St. John’s, in South Los Angeles and the Compton area, is a free and low-cost community health care clinic that’s been offering long-term Covid-19 care.

Though the clinic provides mental health treatment to patients who don’t have insurance, it also gets five to seven clients a week who are insured but can’t find a provider in their network, Fernandez said. Many of them are long haulers.

Some, she said, are insured but can’t find a provider with appointments readily available.

“With mental health, you can’t wait three months for an appointment,” she said. “Mental health is usually about the now. I am distressed now. I need help now.”

Telehealth Helps

During the pandemic, the Centers for Medicare & Medicaid Services and the Department of Health and Human Services relaxed rules for telehealth and agreed to reimburse online appointments at the same rate as in-person care. Most insurers followed suit. But mental health advocates wonder if the changes will last once the public health emergency subsides.

“There’s lots of concern that after Covid, they are going to pay for telehealth at a lower rate, which will have an impact,” said Stephen Gillaspy, senior director of health care and healthcare finance at the American Psychological Association.

UnitedHealthcare has been providing free access to online therapy through UnitedHealth Group’s Sanvello Health Inc., but that benefit may change, the company spokesperson said.

Federal Legislation

Even with telehealth, advocates say federal legislation is needed to expand access to mental health treatment and make it more affordable.

Sens. Tina Smith (D-Minn.)and Lisa Murkowski (R-Alaska) reintroduced the Tele-Mental Health Improvement Act (S. 660) in March. The bill requires insurers to cover mental health and substance use disorder treatment through telehealth at the same rate and cost sharing as treatment that’s provided in-person throughout the public health emergency and for 90 days after. It has yet to move out of committee.

After the district court ruled against United Behavioral Health, California passed a law that requires commercial insurers to provide coverage for all mental health conditions and substance use disorder treatment that’s medically necessary. If patients can’t find a provider in-network that’s either in their area or able to offer a timely appointment, the plan has to pay for out-of-network care at no additional cost to the patient.

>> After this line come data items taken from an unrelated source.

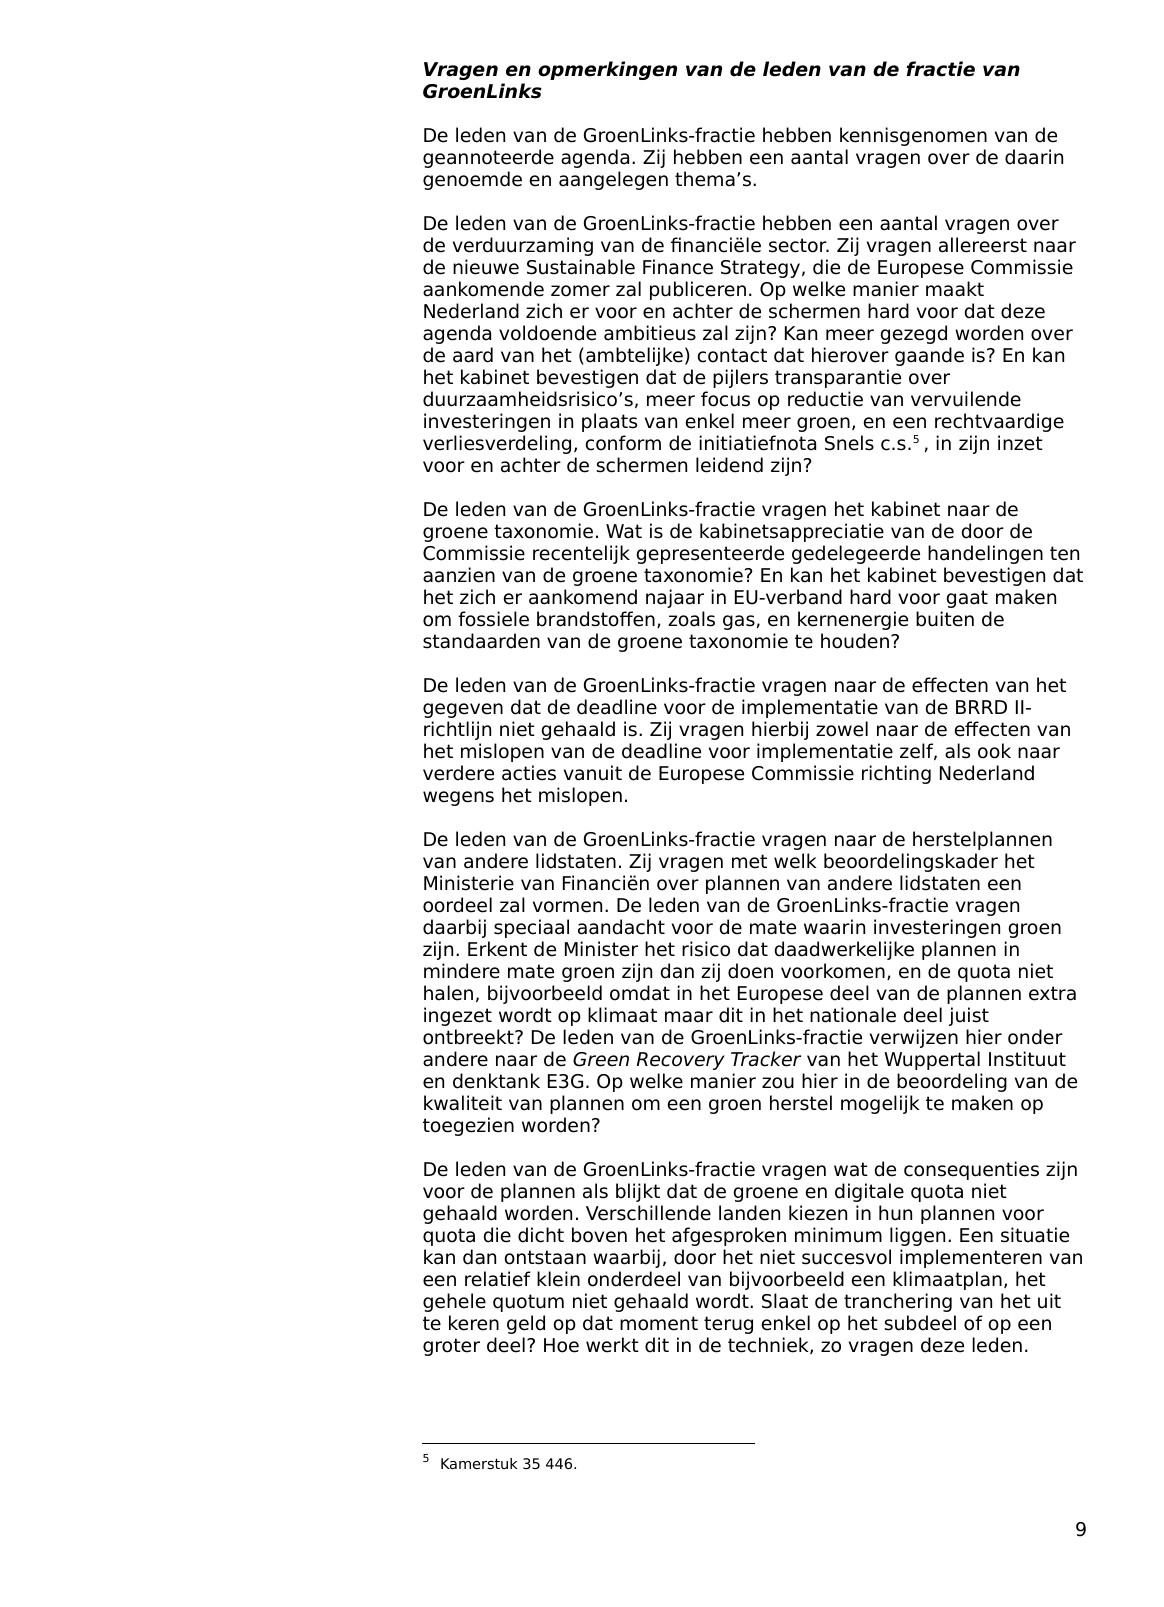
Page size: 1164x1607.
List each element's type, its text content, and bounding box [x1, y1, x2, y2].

subtitle Vragen en opmerkingen van de leden van de fractie van GroenLinks [422, 59, 1087, 103]
text De leden van de GroenLinks-fractie hebben een aantal vragen over de verduurzaming van de financiële sector. Zij vragen allereerst naar de nieuwe Sustainable Finance Strategy, die de Europese Commissie aankomende zomer zal publiceren. Op welke manier maakt Nederland zich er voor en achter de schermen hard voor dat deze agenda voldoende ambitieus zal zijn? Kan meer gezegd worden over de aard van het (ambtelijke) contact dat hierover gaande is? En kan het kabinet bevestigen dat de pijlers transparantie over duurzaamheidsrisico’s, meer focus op reductie van vervuilende investeringen in plaats van enkel meer groen, en een rechtvaardige verliesverdeling, conform de initiatiefnota Snels c.s., in zijn inzet voor en achter de schermen leidend zijn? [422, 213, 1087, 477]
text De leden van de GroenLinks-fractie vragen wat de consequenties zijn voor de plannen als blijkt dat de groene en digitale quota niet gehaald worden. Verschillende landen kiezen in hun plannen voor quota die dicht boven het afgesproken minimum liggen. Een situatie kan dan ontstaan waarbij, door het niet succesvol implementeren van een relatief klein onderdeel van bijvoorbeeld een klimaatplan, het gehele quotum niet gehaald wordt. Slaat de tranchering van het uit te keren geld op dat moment terug enkel op het subdeel of op een groter deel? Hoe werkt dit in de techniek, zo vragen deze leden. [422, 1159, 1087, 1357]
text De leden van de GroenLinks-fractie vragen naar de herstelplannen van andere lidstaten. Zij vragen met welk beoordelingskader het Ministerie van Financiën over plannen van andere lidstaten een oordeel zal vormen. De leden van de GroenLinks-fractie vragen daarbij speciaal aandacht voor de mate waarin investeringen groen zijn. Erkent de Minister het risico dat daadwerkelijke plannen in mindere mate groen zijn dan zij doen voorkomen, en de quota niet halen, bijvoorbeeld omdat in het Europese deel van de plannen extra ingezet wordt op klimaat maar dit in het nationale deel juist ontbreekt? De leden van de GroenLinks-fractie verwijzen hier onder andere naar de Green Recovery Tracker van het Wuppertal Instituut en denktank E3G. Op welke manier zou hier in de beoordeling van de kwaliteit van plannen om een groen herstel mogelijk te maken op toegezien worden? [422, 829, 1087, 1137]
text De leden van de GroenLinks-fractie vragen het kabinet naar de groene taxonomie. Wat is de kabinetsappreciatie van de door de Commissie recentelijk gepresenteerde gedelegeerde handelingen ten aanzien van de groene taxonomie? En kan het kabinet bevestigen dat het zich er aankomend najaar in EU-verband hard voor gaat maken om fossiele brandstoffen, zoals gas, en kernenergie buiten de standaarden van de groene taxonomie te houden? [422, 499, 1087, 653]
text De leden van de GroenLinks-fractie vragen naar de effecten van het gegeven dat de deadline voor de implementatie van de BRRD II-richtlijn niet gehaald is. Zij vragen hierbij zowel naar de effecten van het mislopen van de deadline voor implementatie zelf, als ook naar verdere acties vanuit de Europese Commissie richting Nederland wegens het mislopen. [422, 675, 1087, 807]
text De leden van de GroenLinks-fractie hebben kennisgenomen van de geannoteerde agenda. Zij hebben een aantal vragen over de daarin genoemde en aangelegen thema’s. [422, 125, 1087, 191]
text Kamerstuk 35 446. [422, 1452, 1087, 1474]

The law also requires insurers to cover treatment throughout the full continuum of care and follow a uniform statewide definition of medical necessity, among other things.

But even if providers are available, finding the right therapist to meet a patient’s needs can still be challenging. Gillaspy said. Insurers clump providers together in lists without sorting their specializations, making it hard for Covid-19 survivors to find the right option to treat post-traumatic stress disorder (PTSD), anxiety, and depression.

‘Just Packed’

Davis got insurance through his wife’s work in February and has started calling the providers listed in his Blue Cross and Blue Shield of Texas network. He’s had a hard time finding a psychotherapist that’s accepting new patients.

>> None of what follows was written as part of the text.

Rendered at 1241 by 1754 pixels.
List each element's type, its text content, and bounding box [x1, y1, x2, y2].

“So many people are just packed, “ he said.

Blue Cross and Blue Shield of Texas said it doesn’t comment on individual situations but advised members to reach out to the company directly if they’re having trouble accessing care.

“The onset of the COVID-19 pandemic challenged all aspects of the healthcare system, including available behavioral health specialists,” Dr. Leslie Weisberg, market chief medical officer, said in a statement. “BCBSTX continues to provide expanded telehealth coverage for members needing to see behavioral health specialists.”

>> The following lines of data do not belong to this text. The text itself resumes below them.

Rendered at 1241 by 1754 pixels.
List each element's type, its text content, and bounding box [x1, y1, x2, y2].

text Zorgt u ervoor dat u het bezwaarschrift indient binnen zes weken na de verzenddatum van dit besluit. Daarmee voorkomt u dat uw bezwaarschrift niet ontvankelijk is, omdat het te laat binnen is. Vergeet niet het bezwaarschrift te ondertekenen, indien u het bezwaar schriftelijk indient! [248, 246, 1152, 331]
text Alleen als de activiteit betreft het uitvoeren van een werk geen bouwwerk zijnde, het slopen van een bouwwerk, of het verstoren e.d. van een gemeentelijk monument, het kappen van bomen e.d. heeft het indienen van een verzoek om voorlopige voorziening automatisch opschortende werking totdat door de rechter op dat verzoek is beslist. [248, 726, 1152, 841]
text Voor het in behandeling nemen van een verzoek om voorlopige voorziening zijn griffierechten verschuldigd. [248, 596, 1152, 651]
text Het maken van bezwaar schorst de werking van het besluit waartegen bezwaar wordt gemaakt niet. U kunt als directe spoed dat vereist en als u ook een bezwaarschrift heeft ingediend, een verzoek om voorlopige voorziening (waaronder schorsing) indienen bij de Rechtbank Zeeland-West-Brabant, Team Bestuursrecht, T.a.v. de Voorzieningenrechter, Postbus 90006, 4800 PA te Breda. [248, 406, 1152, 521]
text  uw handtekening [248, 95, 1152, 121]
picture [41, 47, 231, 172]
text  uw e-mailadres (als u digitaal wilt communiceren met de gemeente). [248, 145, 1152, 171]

Davis got on a waiting list last week for a therapist at Vanderbilt University Medical Center. He’s considering seeing a therapist online in the interim. He’s also working to get a referral from his primary care doctor to be seen by Vanderbilt’s Adult Post-Acute Covid Clinic, which is focused on caring for long haulers. The clinic coordinates care across different specialties, including behavioral health, according to its website.

“I really hope this clinic is what I’m looking for and that they take my insurance,” Davis said.

To contact the reporter on this story: Lydia Wheeler in Washington at lwheeler@bloomberglaw.com

To contact the editor responsible for this story: Fawn Johnson at fjohnson@bloombergindustry.com

©2021 Bloomberg L.P.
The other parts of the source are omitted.